## Work to be completed
Please repeat the entries exactly as they appear and omit any images.

## Supplied information
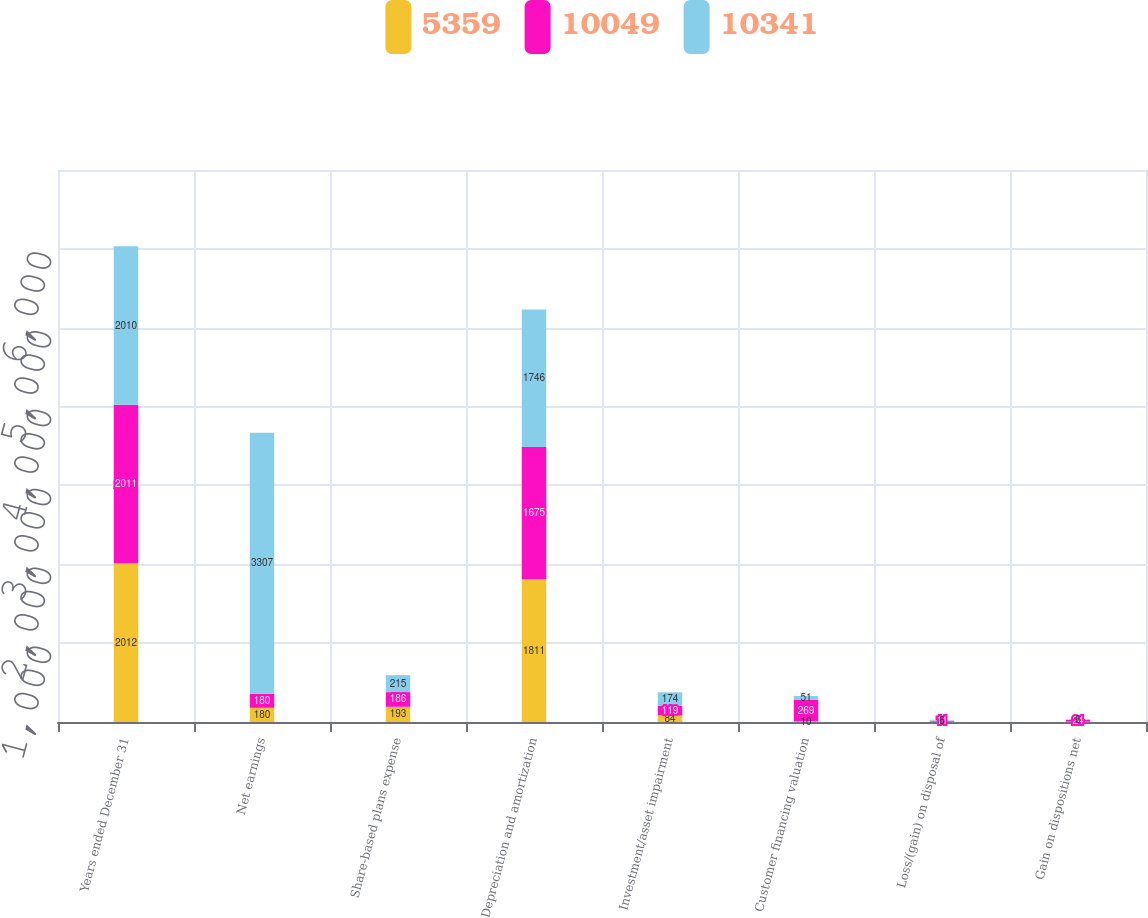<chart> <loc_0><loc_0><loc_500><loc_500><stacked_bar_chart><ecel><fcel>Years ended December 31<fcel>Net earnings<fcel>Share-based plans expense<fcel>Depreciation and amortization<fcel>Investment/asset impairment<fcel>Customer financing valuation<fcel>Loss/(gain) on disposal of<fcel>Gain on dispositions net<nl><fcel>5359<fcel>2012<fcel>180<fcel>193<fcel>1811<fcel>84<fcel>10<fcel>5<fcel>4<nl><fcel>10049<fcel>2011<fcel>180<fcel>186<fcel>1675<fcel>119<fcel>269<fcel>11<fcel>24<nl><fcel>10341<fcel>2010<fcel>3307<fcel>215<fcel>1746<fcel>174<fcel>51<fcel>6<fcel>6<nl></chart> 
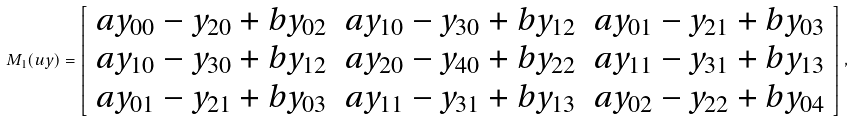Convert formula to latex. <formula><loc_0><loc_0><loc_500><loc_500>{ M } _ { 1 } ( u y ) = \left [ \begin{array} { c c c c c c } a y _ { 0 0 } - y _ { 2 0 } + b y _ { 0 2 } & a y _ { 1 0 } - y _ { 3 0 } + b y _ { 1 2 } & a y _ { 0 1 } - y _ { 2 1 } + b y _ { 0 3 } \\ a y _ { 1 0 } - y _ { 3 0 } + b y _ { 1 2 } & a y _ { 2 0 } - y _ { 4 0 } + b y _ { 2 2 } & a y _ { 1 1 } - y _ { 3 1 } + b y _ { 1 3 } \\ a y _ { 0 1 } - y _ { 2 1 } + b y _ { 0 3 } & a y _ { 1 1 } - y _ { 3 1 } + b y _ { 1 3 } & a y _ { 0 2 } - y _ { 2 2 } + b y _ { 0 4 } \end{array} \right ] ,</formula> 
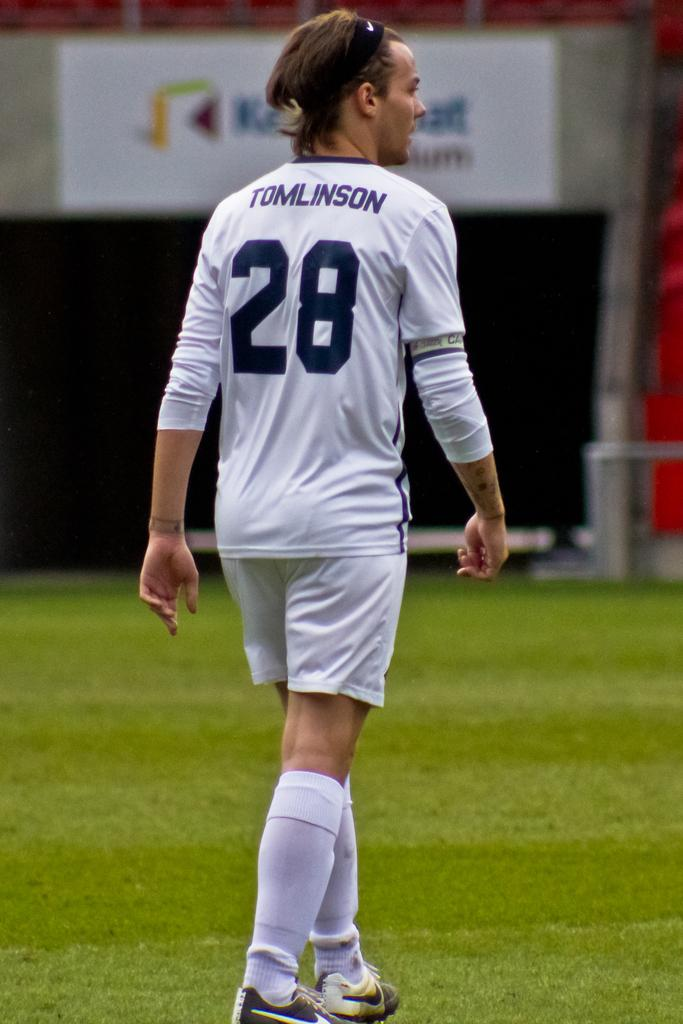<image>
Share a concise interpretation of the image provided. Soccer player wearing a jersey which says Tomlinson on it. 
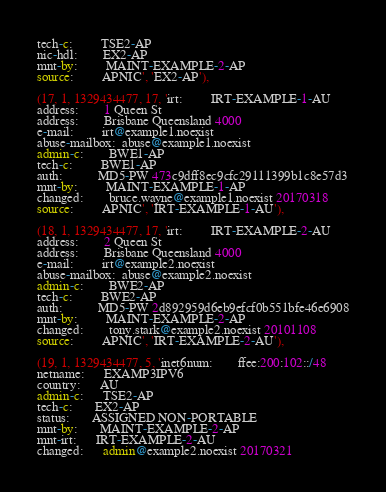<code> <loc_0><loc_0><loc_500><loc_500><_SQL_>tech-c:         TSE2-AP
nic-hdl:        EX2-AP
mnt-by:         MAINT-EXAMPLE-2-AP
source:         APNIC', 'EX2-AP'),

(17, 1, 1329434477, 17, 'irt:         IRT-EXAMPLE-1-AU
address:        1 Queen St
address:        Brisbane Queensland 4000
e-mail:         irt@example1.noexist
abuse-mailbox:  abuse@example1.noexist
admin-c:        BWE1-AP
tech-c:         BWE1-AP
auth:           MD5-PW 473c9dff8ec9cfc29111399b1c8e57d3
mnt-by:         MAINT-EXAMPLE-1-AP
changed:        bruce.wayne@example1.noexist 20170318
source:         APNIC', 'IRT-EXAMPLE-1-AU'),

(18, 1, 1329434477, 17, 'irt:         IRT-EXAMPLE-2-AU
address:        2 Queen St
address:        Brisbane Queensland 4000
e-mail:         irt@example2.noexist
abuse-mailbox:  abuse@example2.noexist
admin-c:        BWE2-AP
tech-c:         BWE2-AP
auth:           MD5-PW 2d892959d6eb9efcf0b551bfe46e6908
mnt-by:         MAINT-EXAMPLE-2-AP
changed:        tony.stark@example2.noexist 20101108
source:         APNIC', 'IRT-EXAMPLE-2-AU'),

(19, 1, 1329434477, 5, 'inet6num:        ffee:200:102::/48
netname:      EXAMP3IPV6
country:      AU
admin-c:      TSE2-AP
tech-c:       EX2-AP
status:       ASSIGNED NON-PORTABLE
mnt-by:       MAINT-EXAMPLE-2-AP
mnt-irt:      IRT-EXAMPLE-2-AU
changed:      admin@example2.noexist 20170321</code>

## Answer to this exercise
<chart> <loc_0><loc_0><loc_500><loc_500><stacked_bar_chart><ecel><fcel>Years ended December 31<fcel>Net earnings<fcel>Share-based plans expense<fcel>Depreciation and amortization<fcel>Investment/asset impairment<fcel>Customer financing valuation<fcel>Loss/(gain) on disposal of<fcel>Gain on dispositions net<nl><fcel>5359<fcel>2012<fcel>180<fcel>193<fcel>1811<fcel>84<fcel>10<fcel>5<fcel>4<nl><fcel>10049<fcel>2011<fcel>180<fcel>186<fcel>1675<fcel>119<fcel>269<fcel>11<fcel>24<nl><fcel>10341<fcel>2010<fcel>3307<fcel>215<fcel>1746<fcel>174<fcel>51<fcel>6<fcel>6<nl></chart> 
Convert formula to latex. <formula><loc_0><loc_0><loc_500><loc_500>{ M } _ { 1 } ( u y ) = \left [ \begin{array} { c c c c c c } a y _ { 0 0 } - y _ { 2 0 } + b y _ { 0 2 } & a y _ { 1 0 } - y _ { 3 0 } + b y _ { 1 2 } & a y _ { 0 1 } - y _ { 2 1 } + b y _ { 0 3 } \\ a y _ { 1 0 } - y _ { 3 0 } + b y _ { 1 2 } & a y _ { 2 0 } - y _ { 4 0 } + b y _ { 2 2 } & a y _ { 1 1 } - y _ { 3 1 } + b y _ { 1 3 } \\ a y _ { 0 1 } - y _ { 2 1 } + b y _ { 0 3 } & a y _ { 1 1 } - y _ { 3 1 } + b y _ { 1 3 } & a y _ { 0 2 } - y _ { 2 2 } + b y _ { 0 4 } \end{array} \right ] ,</formula> 
<image>
Share a concise interpretation of the image provided. Soccer player wearing a jersey which says Tomlinson on it. 
<code> <loc_0><loc_0><loc_500><loc_500><_SQL_>tech-c:         TSE2-AP
nic-hdl:        EX2-AP
mnt-by:         MAINT-EXAMPLE-2-AP
source:         APNIC', 'EX2-AP'),

(17, 1, 1329434477, 17, 'irt:         IRT-EXAMPLE-1-AU
address:        1 Queen St
address:        Brisbane Queensland 4000
e-mail:         irt@example1.noexist
abuse-mailbox:  abuse@example1.noexist
admin-c:        BWE1-AP
tech-c:         BWE1-AP
auth:           MD5-PW 473c9dff8ec9cfc29111399b1c8e57d3
mnt-by:         MAINT-EXAMPLE-1-AP
changed:        bruce.wayne@example1.noexist 20170318
source:         APNIC', 'IRT-EXAMPLE-1-AU'),

(18, 1, 1329434477, 17, 'irt:         IRT-EXAMPLE-2-AU
address:        2 Queen St
address:        Brisbane Queensland 4000
e-mail:         irt@example2.noexist
abuse-mailbox:  abuse@example2.noexist
admin-c:        BWE2-AP
tech-c:         BWE2-AP
auth:           MD5-PW 2d892959d6eb9efcf0b551bfe46e6908
mnt-by:         MAINT-EXAMPLE-2-AP
changed:        tony.stark@example2.noexist 20101108
source:         APNIC', 'IRT-EXAMPLE-2-AU'),

(19, 1, 1329434477, 5, 'inet6num:        ffee:200:102::/48
netname:      EXAMP3IPV6
country:      AU
admin-c:      TSE2-AP
tech-c:       EX2-AP
status:       ASSIGNED NON-PORTABLE
mnt-by:       MAINT-EXAMPLE-2-AP
mnt-irt:      IRT-EXAMPLE-2-AU
changed:      admin@example2.noexist 20170321</code>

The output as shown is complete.